Using the data that follows, return exactly the lines from the one that contains "2) truck <box>0,459,156,632</box>" through the one that contains "1. drill: 0.362", ends included.

─── Data extracts ───

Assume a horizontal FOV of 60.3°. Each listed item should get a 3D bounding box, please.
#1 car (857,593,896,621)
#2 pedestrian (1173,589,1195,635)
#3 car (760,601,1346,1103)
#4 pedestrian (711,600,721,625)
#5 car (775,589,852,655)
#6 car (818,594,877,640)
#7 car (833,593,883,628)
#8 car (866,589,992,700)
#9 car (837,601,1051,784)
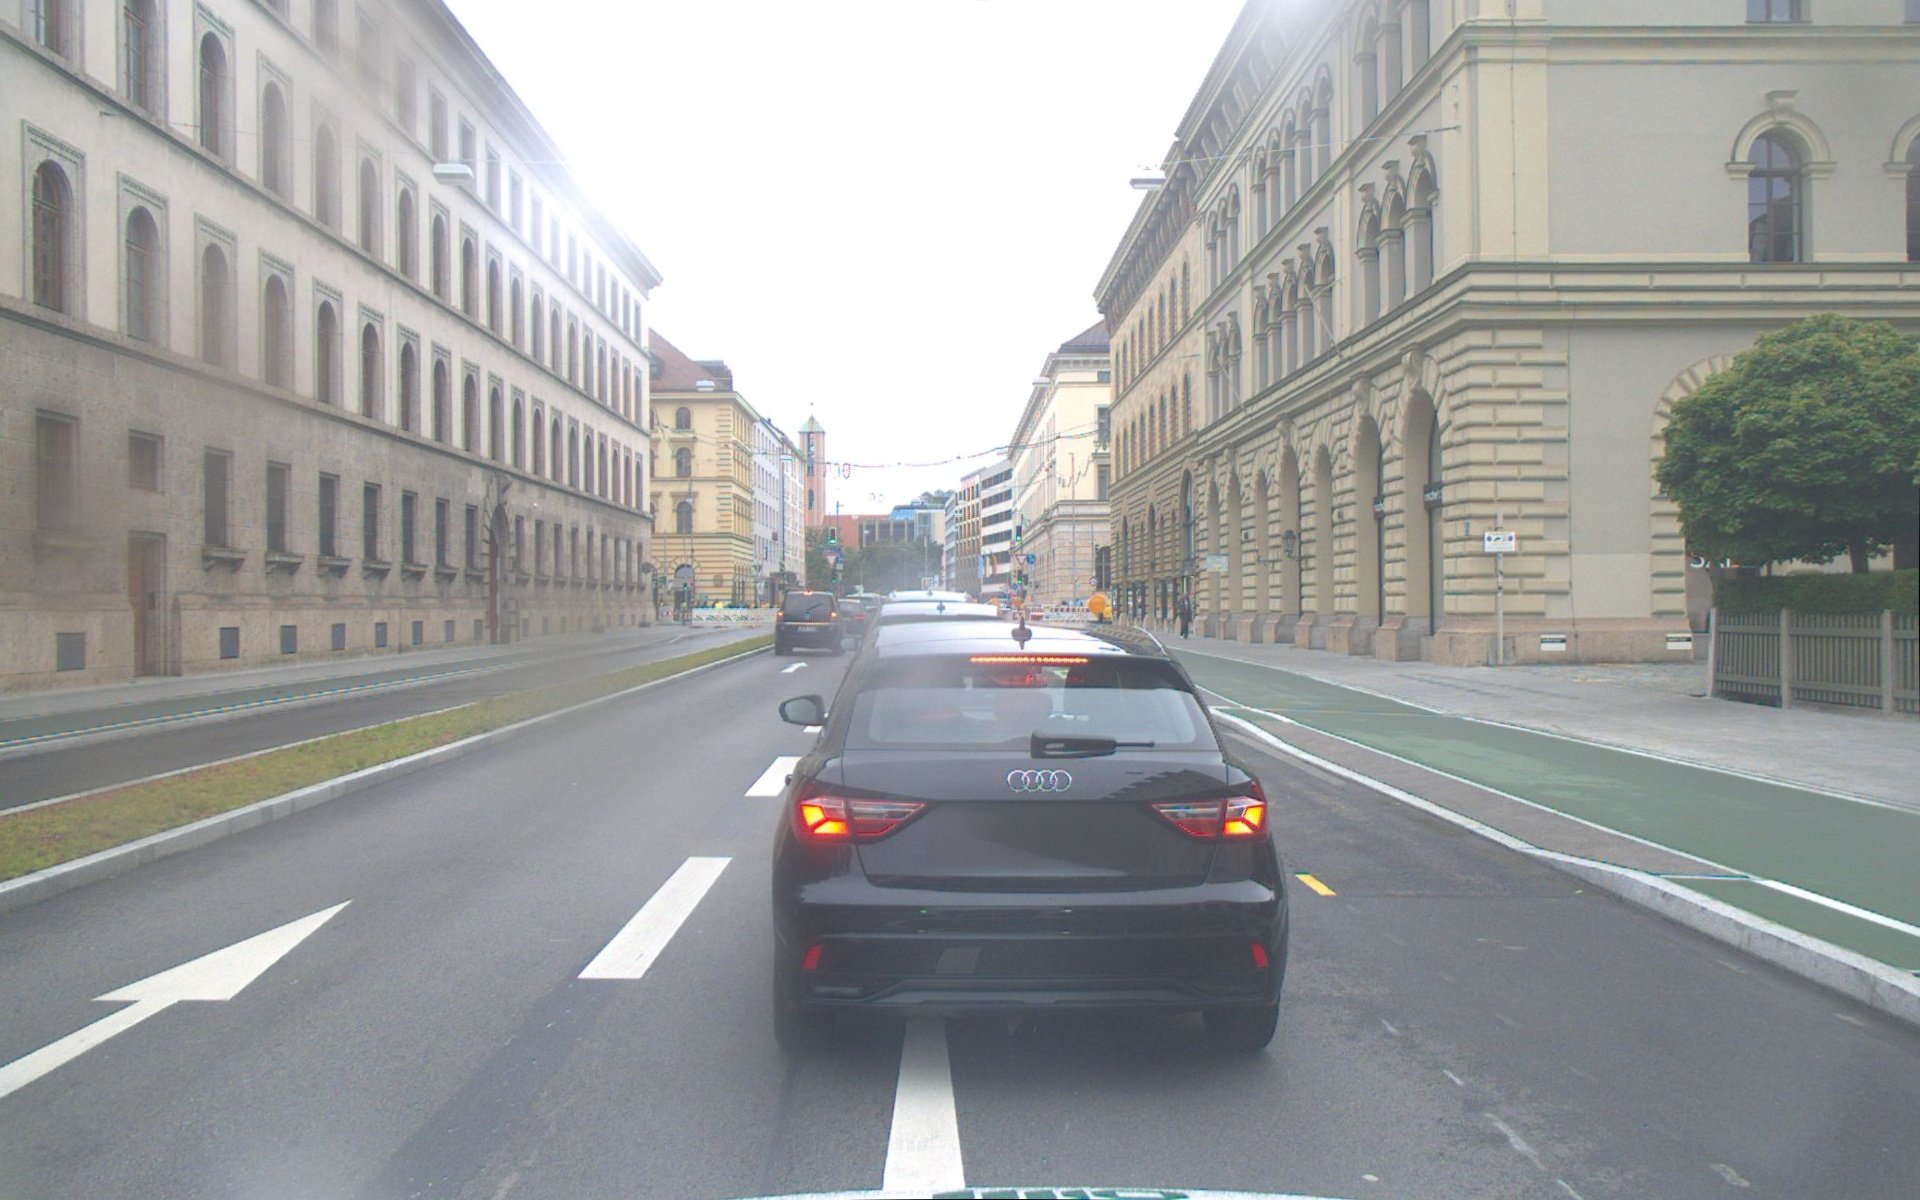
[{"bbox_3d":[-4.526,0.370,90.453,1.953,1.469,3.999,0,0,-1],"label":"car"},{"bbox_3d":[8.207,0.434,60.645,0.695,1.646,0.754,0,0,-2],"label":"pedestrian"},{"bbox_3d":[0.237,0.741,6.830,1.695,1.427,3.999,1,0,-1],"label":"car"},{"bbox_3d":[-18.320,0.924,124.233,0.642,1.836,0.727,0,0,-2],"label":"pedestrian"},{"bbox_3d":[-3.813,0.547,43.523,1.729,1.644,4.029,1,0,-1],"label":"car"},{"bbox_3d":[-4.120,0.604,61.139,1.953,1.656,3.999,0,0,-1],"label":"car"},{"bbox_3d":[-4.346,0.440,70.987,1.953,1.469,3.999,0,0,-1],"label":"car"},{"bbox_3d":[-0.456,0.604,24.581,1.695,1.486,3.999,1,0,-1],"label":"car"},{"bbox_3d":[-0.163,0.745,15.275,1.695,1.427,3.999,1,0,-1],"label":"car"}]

───
─── Data extracts ───

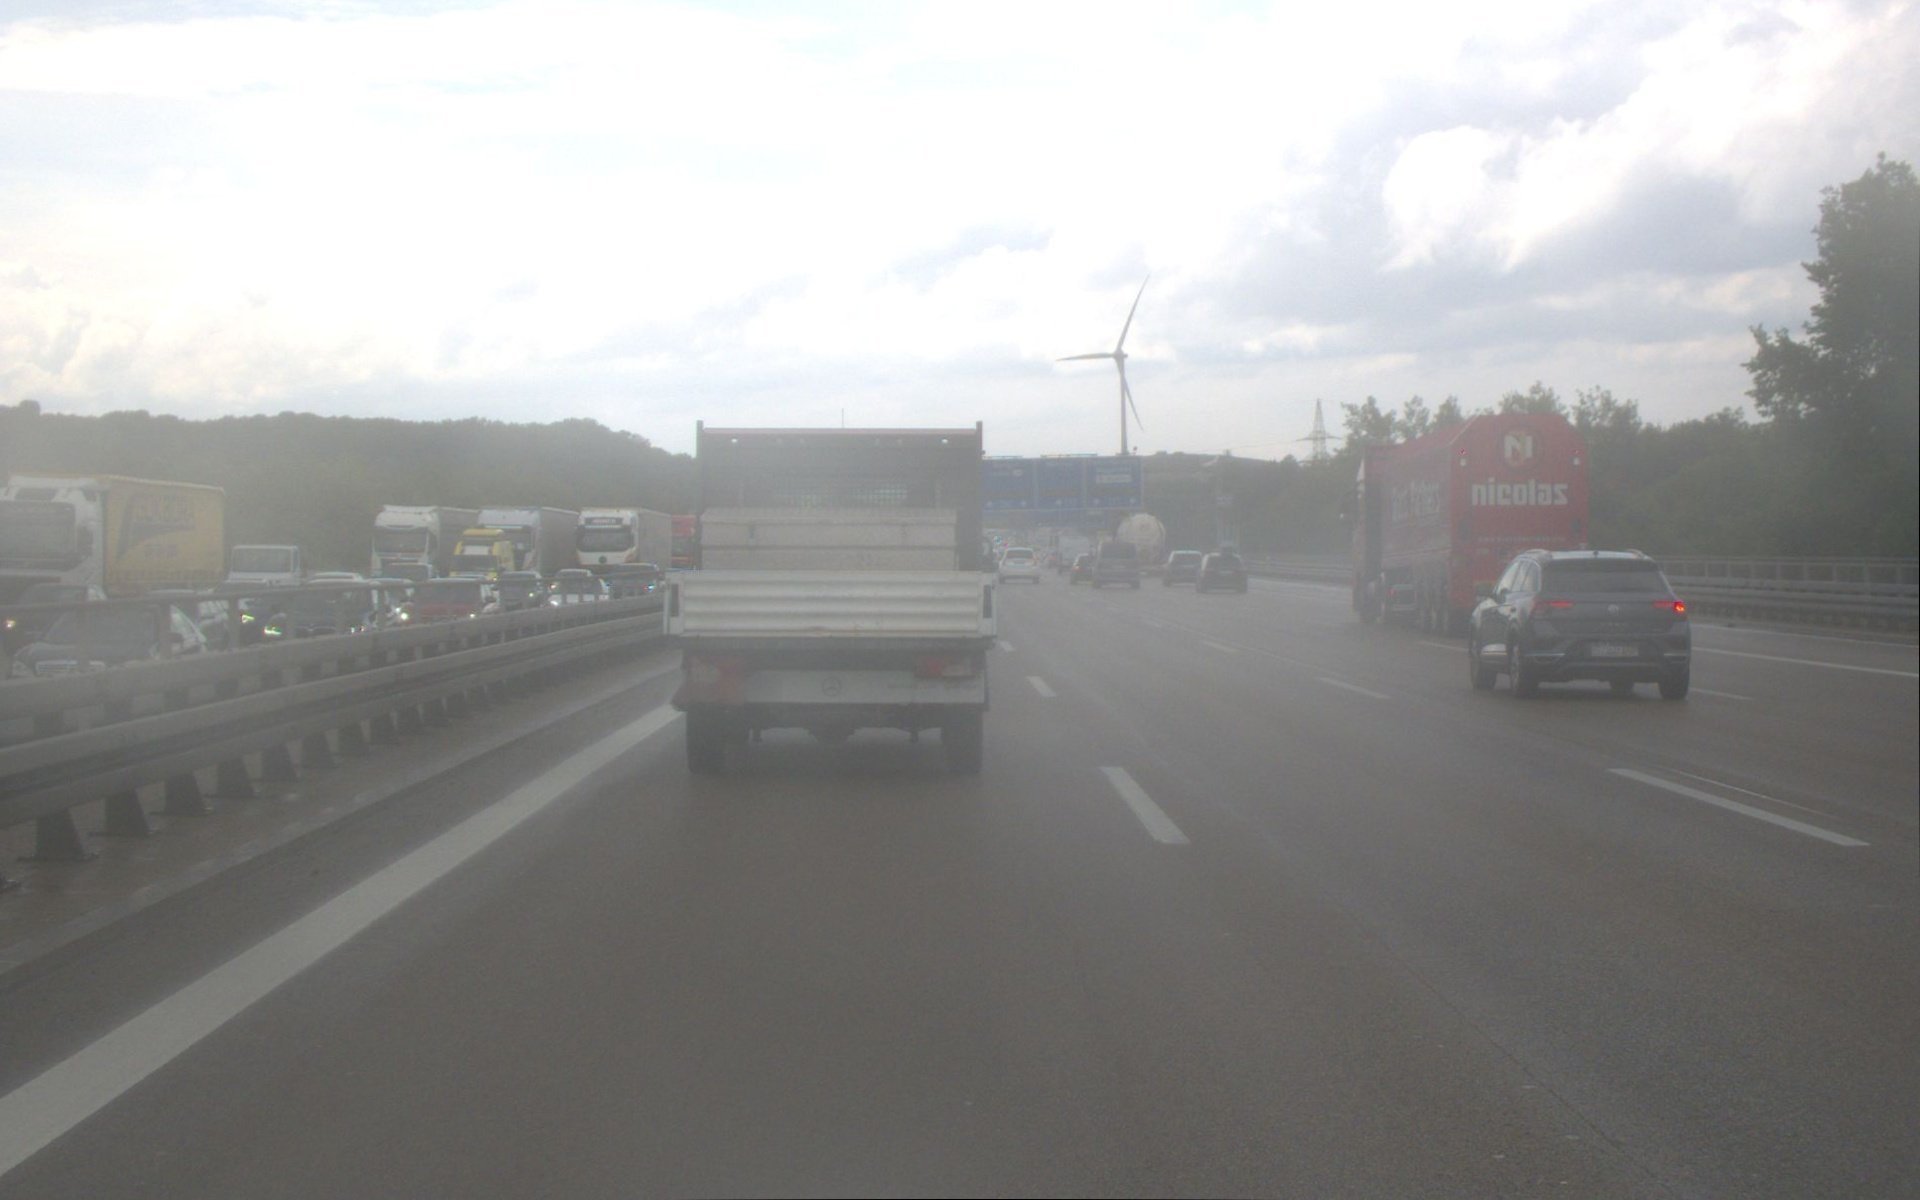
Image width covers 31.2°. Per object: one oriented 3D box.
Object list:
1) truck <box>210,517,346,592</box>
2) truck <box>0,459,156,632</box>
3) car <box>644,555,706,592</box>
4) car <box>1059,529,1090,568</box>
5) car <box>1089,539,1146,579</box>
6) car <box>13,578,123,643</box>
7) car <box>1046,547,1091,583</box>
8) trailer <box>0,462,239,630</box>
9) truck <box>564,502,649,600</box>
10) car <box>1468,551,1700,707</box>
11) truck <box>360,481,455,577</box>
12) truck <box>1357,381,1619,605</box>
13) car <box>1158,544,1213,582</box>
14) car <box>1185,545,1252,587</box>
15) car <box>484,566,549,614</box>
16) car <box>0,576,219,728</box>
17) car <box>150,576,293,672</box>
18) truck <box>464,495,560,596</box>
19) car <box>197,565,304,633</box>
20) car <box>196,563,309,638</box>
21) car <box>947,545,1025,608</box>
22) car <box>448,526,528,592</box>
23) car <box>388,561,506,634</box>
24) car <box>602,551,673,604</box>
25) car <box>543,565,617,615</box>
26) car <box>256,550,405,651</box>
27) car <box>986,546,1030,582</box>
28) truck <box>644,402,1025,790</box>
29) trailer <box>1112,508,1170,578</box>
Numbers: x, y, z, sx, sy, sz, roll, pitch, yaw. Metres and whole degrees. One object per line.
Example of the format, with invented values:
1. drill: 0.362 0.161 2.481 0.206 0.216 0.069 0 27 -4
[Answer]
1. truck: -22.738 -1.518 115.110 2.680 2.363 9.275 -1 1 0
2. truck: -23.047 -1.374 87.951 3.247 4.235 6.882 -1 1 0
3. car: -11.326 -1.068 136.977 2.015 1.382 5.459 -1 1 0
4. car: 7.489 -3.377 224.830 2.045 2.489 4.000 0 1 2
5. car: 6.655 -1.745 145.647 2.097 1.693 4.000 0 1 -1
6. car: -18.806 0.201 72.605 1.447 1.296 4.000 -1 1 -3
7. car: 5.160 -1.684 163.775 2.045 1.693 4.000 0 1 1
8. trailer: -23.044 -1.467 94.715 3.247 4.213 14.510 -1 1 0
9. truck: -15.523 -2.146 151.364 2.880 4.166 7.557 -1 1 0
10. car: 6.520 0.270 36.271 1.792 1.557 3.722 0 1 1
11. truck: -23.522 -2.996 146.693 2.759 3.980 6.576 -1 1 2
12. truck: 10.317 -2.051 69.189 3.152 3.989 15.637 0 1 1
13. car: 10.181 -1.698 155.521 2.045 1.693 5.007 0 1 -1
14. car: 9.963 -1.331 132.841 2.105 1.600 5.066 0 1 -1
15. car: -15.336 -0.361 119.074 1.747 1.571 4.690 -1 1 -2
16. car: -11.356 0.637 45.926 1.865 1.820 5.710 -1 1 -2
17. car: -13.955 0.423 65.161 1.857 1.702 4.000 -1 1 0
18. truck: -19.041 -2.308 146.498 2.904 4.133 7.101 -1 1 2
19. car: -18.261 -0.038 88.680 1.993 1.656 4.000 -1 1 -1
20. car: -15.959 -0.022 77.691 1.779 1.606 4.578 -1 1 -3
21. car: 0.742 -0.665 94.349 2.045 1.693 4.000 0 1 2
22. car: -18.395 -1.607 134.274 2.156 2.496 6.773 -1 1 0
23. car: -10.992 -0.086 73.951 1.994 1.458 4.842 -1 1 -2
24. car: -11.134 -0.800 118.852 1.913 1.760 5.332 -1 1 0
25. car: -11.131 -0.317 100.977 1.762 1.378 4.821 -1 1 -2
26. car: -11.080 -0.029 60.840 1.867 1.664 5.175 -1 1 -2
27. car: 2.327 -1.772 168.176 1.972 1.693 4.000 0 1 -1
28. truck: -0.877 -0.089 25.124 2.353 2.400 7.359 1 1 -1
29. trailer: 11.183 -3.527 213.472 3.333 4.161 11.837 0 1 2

───

▶ Task response:
2) truck <box>0,459,156,632</box>
3) car <box>644,555,706,592</box>
4) car <box>1059,529,1090,568</box>
5) car <box>1089,539,1146,579</box>
6) car <box>13,578,123,643</box>
7) car <box>1046,547,1091,583</box>
8) trailer <box>0,462,239,630</box>
9) truck <box>564,502,649,600</box>
10) car <box>1468,551,1700,707</box>
11) truck <box>360,481,455,577</box>
12) truck <box>1357,381,1619,605</box>
13) car <box>1158,544,1213,582</box>
14) car <box>1185,545,1252,587</box>
15) car <box>484,566,549,614</box>
16) car <box>0,576,219,728</box>
17) car <box>150,576,293,672</box>
18) truck <box>464,495,560,596</box>
19) car <box>197,565,304,633</box>
20) car <box>196,563,309,638</box>
21) car <box>947,545,1025,608</box>
22) car <box>448,526,528,592</box>
23) car <box>388,561,506,634</box>
24) car <box>602,551,673,604</box>
25) car <box>543,565,617,615</box>
26) car <box>256,550,405,651</box>
27) car <box>986,546,1030,582</box>
28) truck <box>644,402,1025,790</box>
29) trailer <box>1112,508,1170,578</box>
Numbers: x, y, z, sx, sy, sz, roll, pitch, yaw. Metres and whole degrees. One object per line.
Example of the format, with invented values:
1. drill: 0.362 0.161 2.481 0.206 0.216 0.069 0 27 -4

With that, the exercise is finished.